In this time of transition I’m doing a dance that is precarious, thrilling and scary so, to help me on my way, I’ve been following the advise of Baba Ram Dass:

“My own strategy is to keep cultivating the witness, that part of me that notices how I’m doing it—cultivate the quiet place in me that watches the process of needing approval, of the smile on the face, of the false humility, of all the horrible creepy little psychological things that are just my humanity. And watching them occur again and again and again.”

I’ve packed up my life aboard the Bel Ami and landed in a lovely spot with a great view en route to returning to my north side home.  As with all endings, it’s an emotional and multilayered journey.  Some days I’m more present than others, my energy high, flowing downstream. Other days I obsess and resist, am not present and worry.

That’s when a walk on the beach got me noticing patterns everywhere:  the way the waves lick the shore and trace the shape of their presence for a few seconds; the Zen precision of the ground keeper’s rake marks in the sand; the designs the wind makes on water and the tracks of those who came before. I thought about how, as vibrational beings, we all swim in a sea of energy that is constantly moving and constantly generating new patterns.  My footsteps shift the landscape beneath me and I can see that I am a part of the bigger pattern and the creator of patterns.

All of which led me to kaleidoscopes and remembering how delightful it is to tilt one up to the light and watch the glass pieces shift from one gorgeous pattern to the next.

What if our lives are like a big kaleidoscope and we are the observers gazing at the many pieces that make up our worlds like multi colored pieces of glass. When we turn the cylinder, make a move, stumble or when someone or something else does, the whole picture transforms.

With the toy we are always delighted.  In life we spend a lot of time trying to glue a particular pattern in place permanently. We arrive at a one we enjoy, become attached to it and hang on for dear life.

Change and endings of all kinds stimulate synapses and tapes about change and endings from our whole lives. We drag baggage from childhood trauma and early and recent life experience to the table.

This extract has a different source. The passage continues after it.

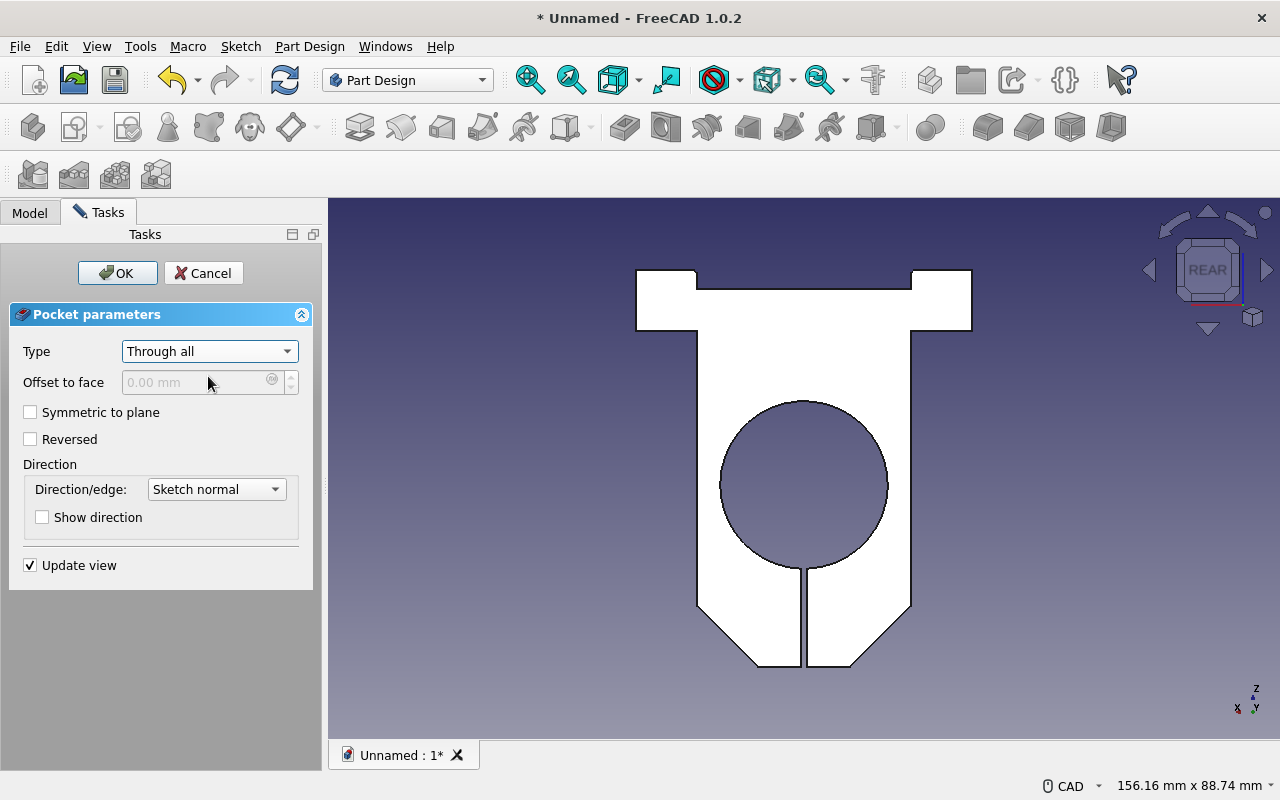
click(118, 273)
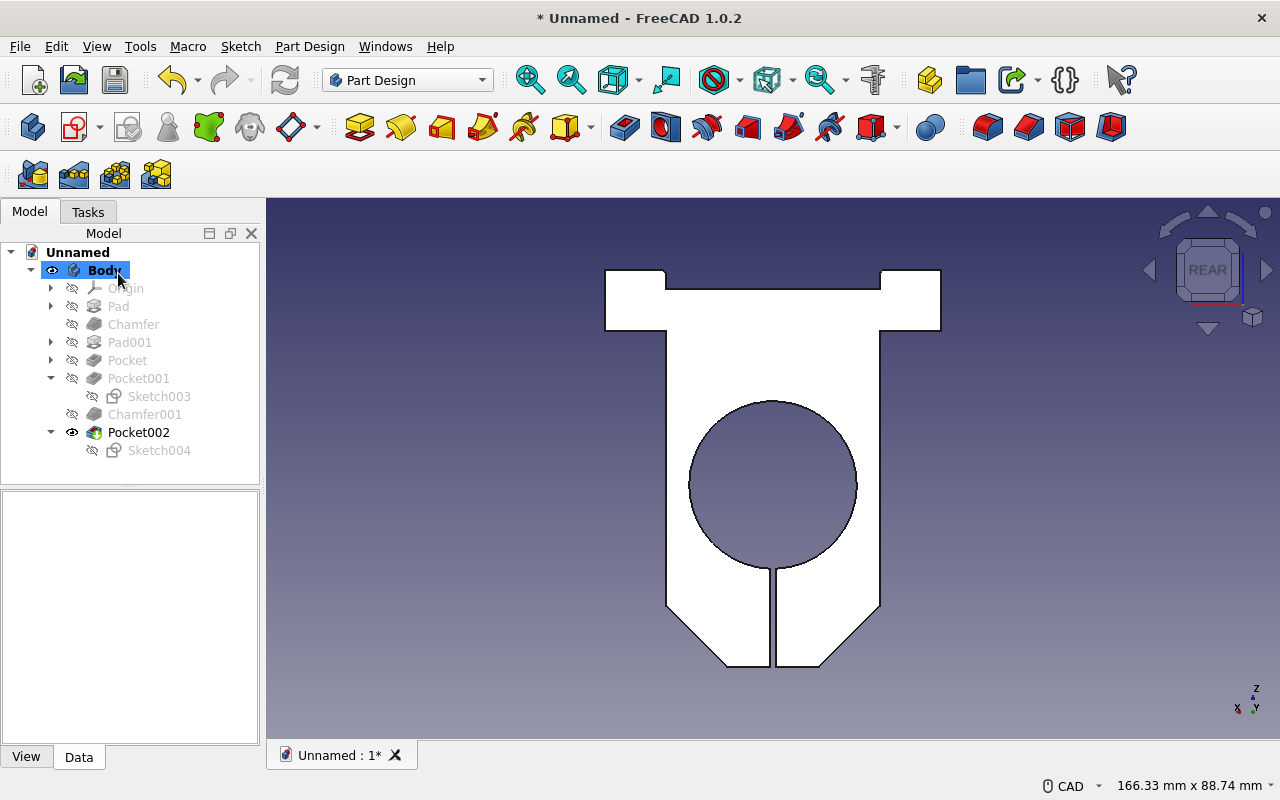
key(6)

If we have done some personal growth work and begun to heal old wounds, to forgive ourselves and others and are committed to ongoing personal and spiritual growth, times of transition and upheaval are great times for mining precious veins of ore and seizing opportunities to dump the baggage, lighten our loads and be freer and more joyfully ourselves.

When my friend Susan and I walked 150 miles on the Camino de Santiago, along trails through the French countryside, we stayed at hostels, one as different as the next: austere convent bunks, houses with rooms full of knick knacks and photos and stone farmhouses with modern interiors. At each and every one of them Susan and I would survey our new surroundings, look at one another and say, in unison “ We Love it here”.

As I loved each new pattern born of the falling-into-place of glass pieces in the kaleidoscopes of my childhood, and each place I laid my head as a pilgrim walking, I am aiming to love each new configuration that comes into focus in the kaleidoscope of my amazingly rich and colorful life and to look around and say, “I Love it Here.”